Não saberia dizer por quanto tempo viajamos, mas podia sentir cada solavanco do enorme caminhão. Maxon, na tentativa de nos manter firmes em pé, pressionou as costas contra a estante e me prendeu na lateral com uma das pernas. Mesmo assim, a cada curva, continuávamos escorregando um pouco no assoalho de metal.
— Não gosto de não saber onde estou — Maxon disse, enquanto tentava nos manter equilibrados mais uma vez.
— Você já passeou por Angeles antes?
— Apenas de carro — admitiu.
— É muito estranho eu me sentir mais à vontade indo a um covil de rebeldes do que recebendo aquelas mulheres da família real italiana?
Maxon riu.
— Só você mesmo.
Era difícil conversar com o barulho do motor e o chiado das rodas. Ficamos calados por um tempo. No escuro, os sons pareciam mais fortes. Respirei fundo, na tentativa de me concentrar, e senti um cheiro de café no ar. Não dava para dizer se aquele aroma era um resquício no caminhão ou se estávamos passando por uma lanchonete na estrada. Depois de um tempo que pareceu muito longo, Maxon se aproximou e falou no meu ouvido:
— Gostaria que você estivesse segura em casa, mas estou muito feliz por estar aqui.
Ri baixinho. Provavelmente ele não ouviu, mas deve ter conseguido sentir, de tão próximos que estávamos.
— Só me prometa que vai correr — ele pediu.
Cheguei à conclusão de que, no final das contas, eu não seria uma grande ajuda para Maxon caso alguma coisa de muito ruim acontecesse. Procurei seu ouvido e disse:
— Prometo.
O caminhão deu outro solavanco forte e Maxon me agarrou. Senti nossos narizes se tocarem na escuridão. A vontade de beijá-lo veio rápida e inesperada. Apesar de terem passado apenas alguns dias desde nosso beijo no telhado, para mim parecia uma eternidade. Ele me puxou para perto. Eu podia sentir na pele sua respiração. Ia acontecer. Com certeza.
Maxon deslizou o nariz pela minha bochecha até nossos lábios ficarem próximos.

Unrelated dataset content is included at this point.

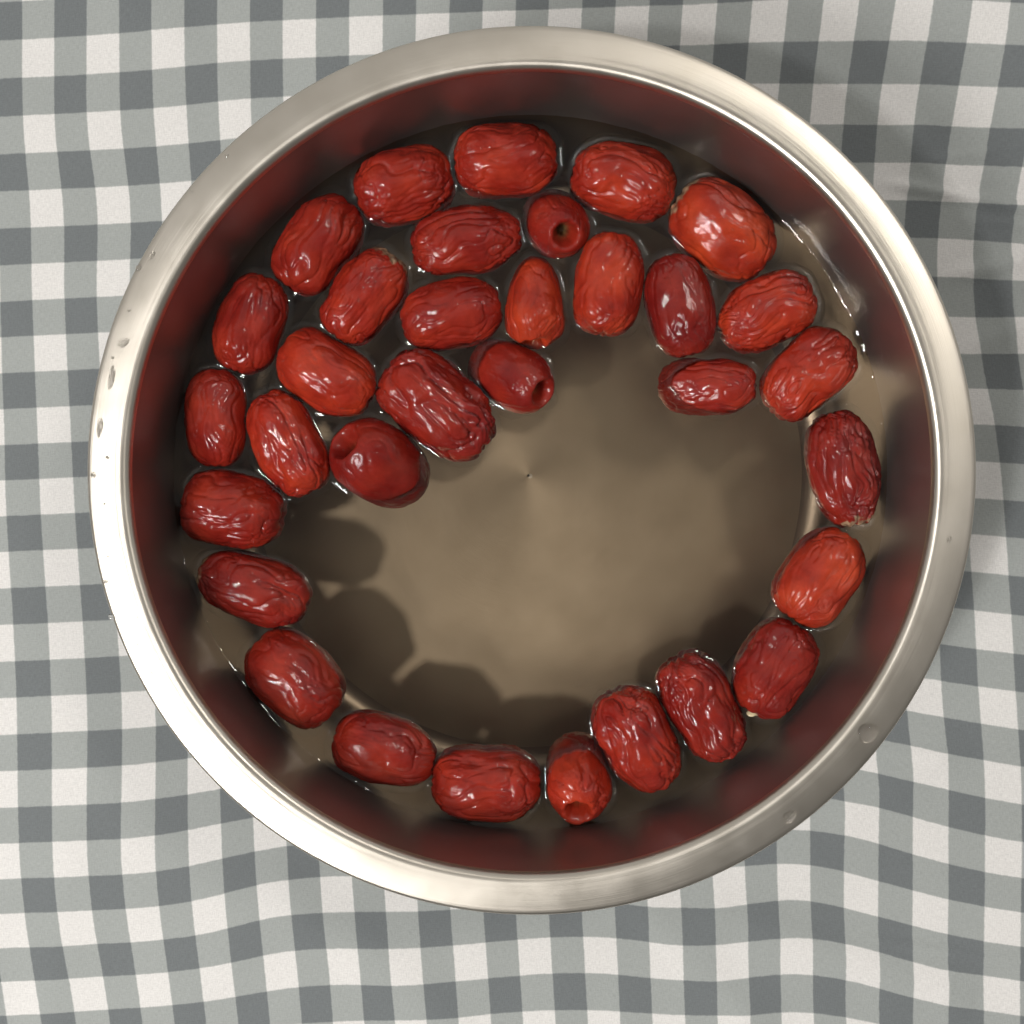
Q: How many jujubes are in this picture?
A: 33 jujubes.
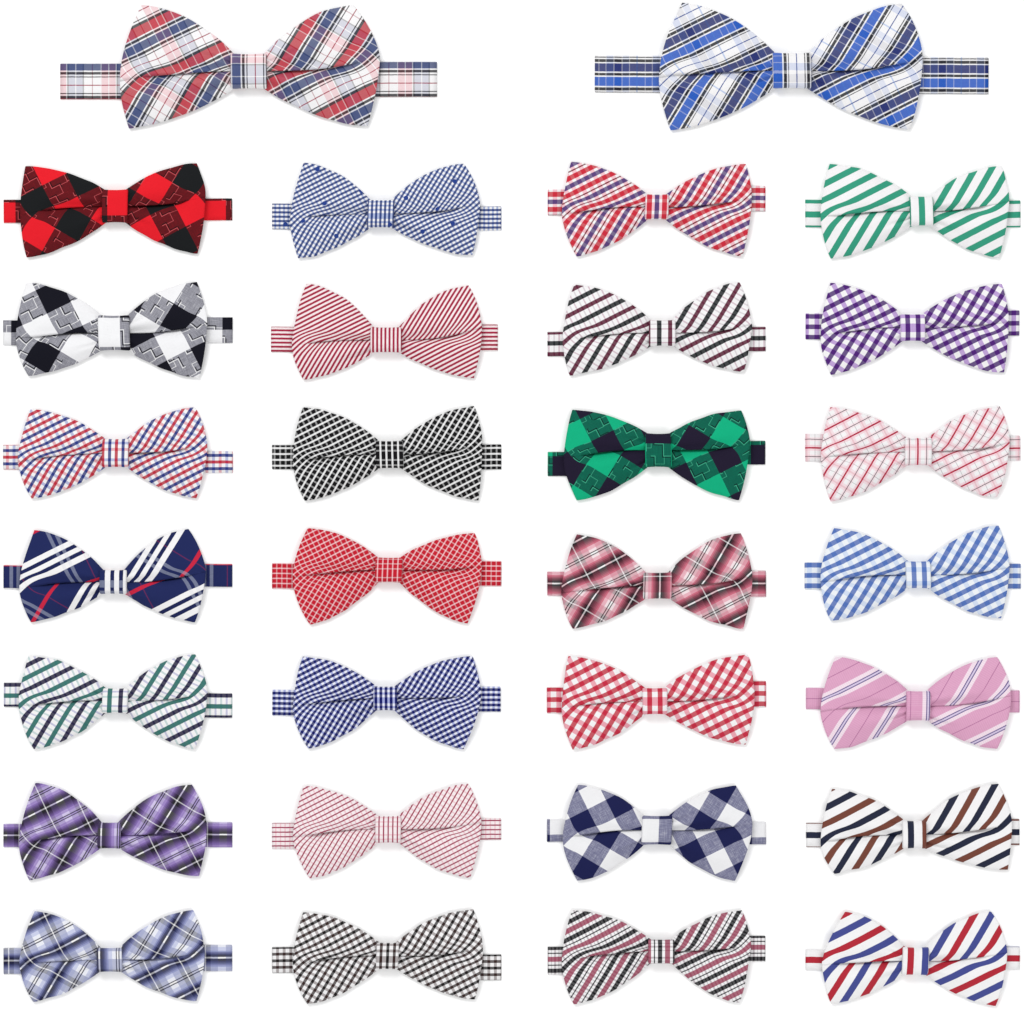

Assim como pude sentir o aroma do café e ouvir cada rangido no escuro, a falta de luz me deixava mais concentrada no leve aroma que envolvia Maxon, no toque de seus dedos pelo meu pescoço até chegar às mechas de cabelo que despontavam sob a touca.
Um segundo antes de nossos lábios se tocarem, o caminhão parou bruscamente, nos jogando para a frente. Bati a cabeça na parede e tive certeza de que os dentes de Maxon foram parar na minha orelha.
— Ai! — ele exclamou. Percebi que ele tentava se endireitar no escuro. — Você se machucou?
— Não. Meu cabelo e a touca absorveram a maior parte do impacto. — Se eu não quisesse tanto beijá-lo, teria caído na gargalhada.
Assim que paramos, o caminhão começou a dar ré. Segundos depois, já estava estacionado, e os motores, desligados.
Maxon trocou de posição; parecia estar agachado e encolhido, olhando para a porta. Achei melhor me abaixar também, e Maxon estendeu uma mão para me proteger, se fosse necessário.
A luz do poste invadiu a carroceria, me deixando um pouco zonza. Tentava proteger os olhos quando alguém subiu no compartimento.
— Chegamos — disse o soldado Avery. — Me sigam de perto.
Maxon se levantou e logo me ajudou a fazer o mesmo. Em seguida, saltou para fora do caminhão e ergueu os braços para me segurar. Assim que toquei o chão, ele tomou minha mão. De imediato, reparei no grande muro de tijolos que nos cercava em um beco e senti o cheiro muito forte de algo podre. Aspen estava diante de nós, inspecionando todos os lados com a arma na mão, na altura de sua cintura.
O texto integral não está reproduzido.